- The Washington Times - Tuesday, September 24, 2002

A Texas energy company tightened California natural-gas supplies during the state's energy crisis, contributing to a rise in power prices, a federal regulatory judge ruled yesterday.
El Paso Corp., through its El Paso Natural Gas pipeline subsidiary, held back at least 10 percent of the capacity on its pipeline delivering gas from its Southwest gas fields to California from November 2000 to March 2001, said Judge Curtis L. Wagner, the Federal Energy Regulatory Commission's chief administrative law judge.
That was a period of high demand and large price increases for natural gas.
El Paso "withheld extremely large amounts of capacity that it could have flowed to its California delivery points," Judge Wagner said.
He recommended that FERC which must sign off on the ruling impose penalties on El Paso for its actions.
Shares of El Paso plunged 36 percent on the news.
California regulators said El Paso used its dominance of the Southern California market to inflate the price of gas sold there by $3.7 billion. Southern California Edison, a large investor-owned utility, said high natural-gas prices added $1 billion to the cost of energy produced at its gas-fired power plants.
California wants FERC to order El Paso to refund at least $200 million, roughly equivalent to El Paso's profits from the transactions.

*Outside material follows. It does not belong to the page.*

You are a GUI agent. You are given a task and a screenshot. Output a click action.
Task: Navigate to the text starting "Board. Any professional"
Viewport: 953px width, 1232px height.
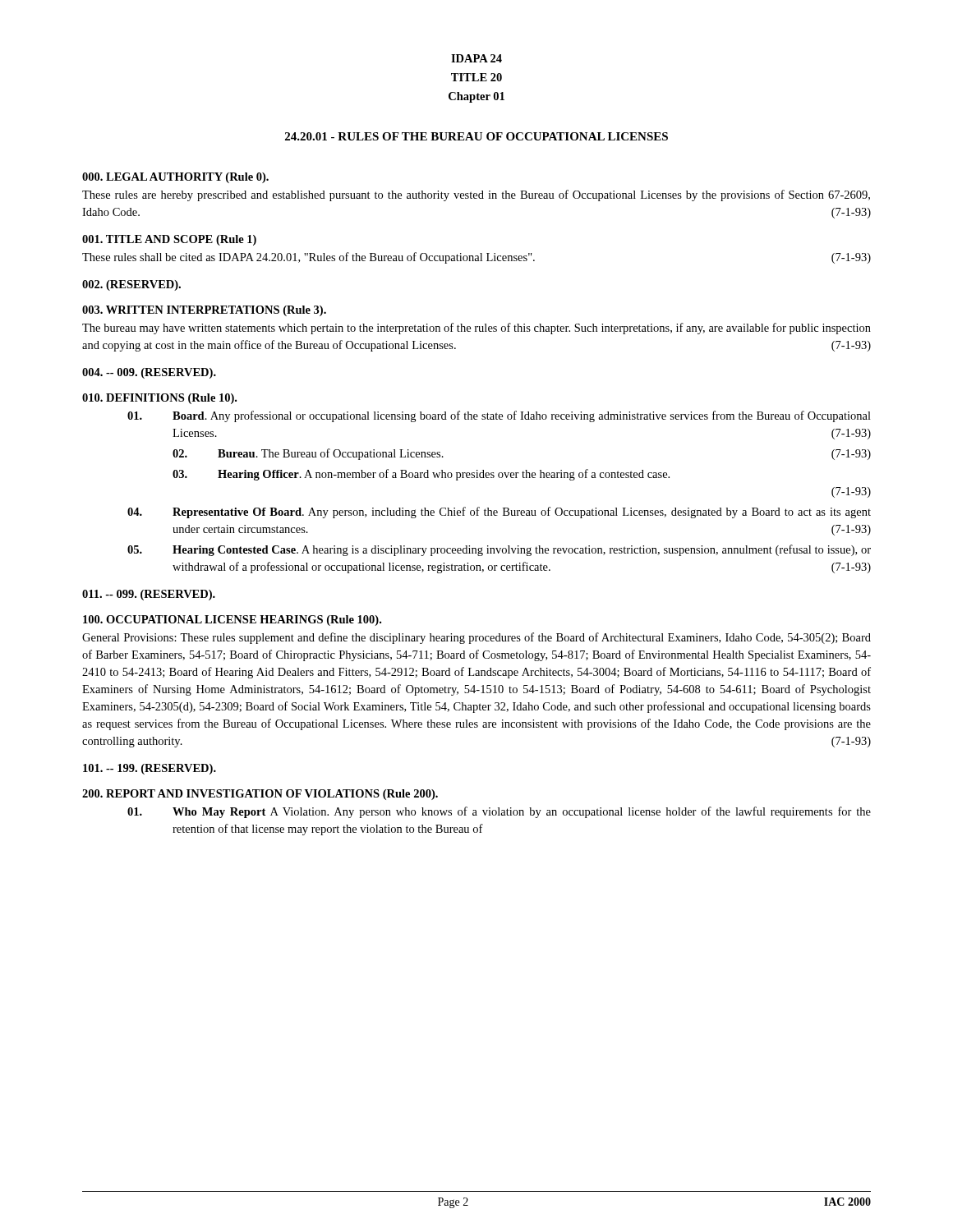pyautogui.click(x=476, y=424)

El Paso said it will ask FERC to reject Judge Wagner's decision.
"The evidence in this case demonstrates that, at all times, El Paso Natural Gas operated its system to maximize the amount of capacity available to California," the company said in a statement. It has said that higher prices resulted from high demand and a shortage of natural gas.
El Paso stock fell $4.16, to close at $7.51 on the New York Stock Exchange.
The ruling in the 2-year-old complaint against El Paso is the latest finding that energy companies attempted to manipulate power supplies and prices in California. Many California power plants use natural gas, and gas prices during the winter of 2000-01 were on average three times higher in California than elsewhere in the United States.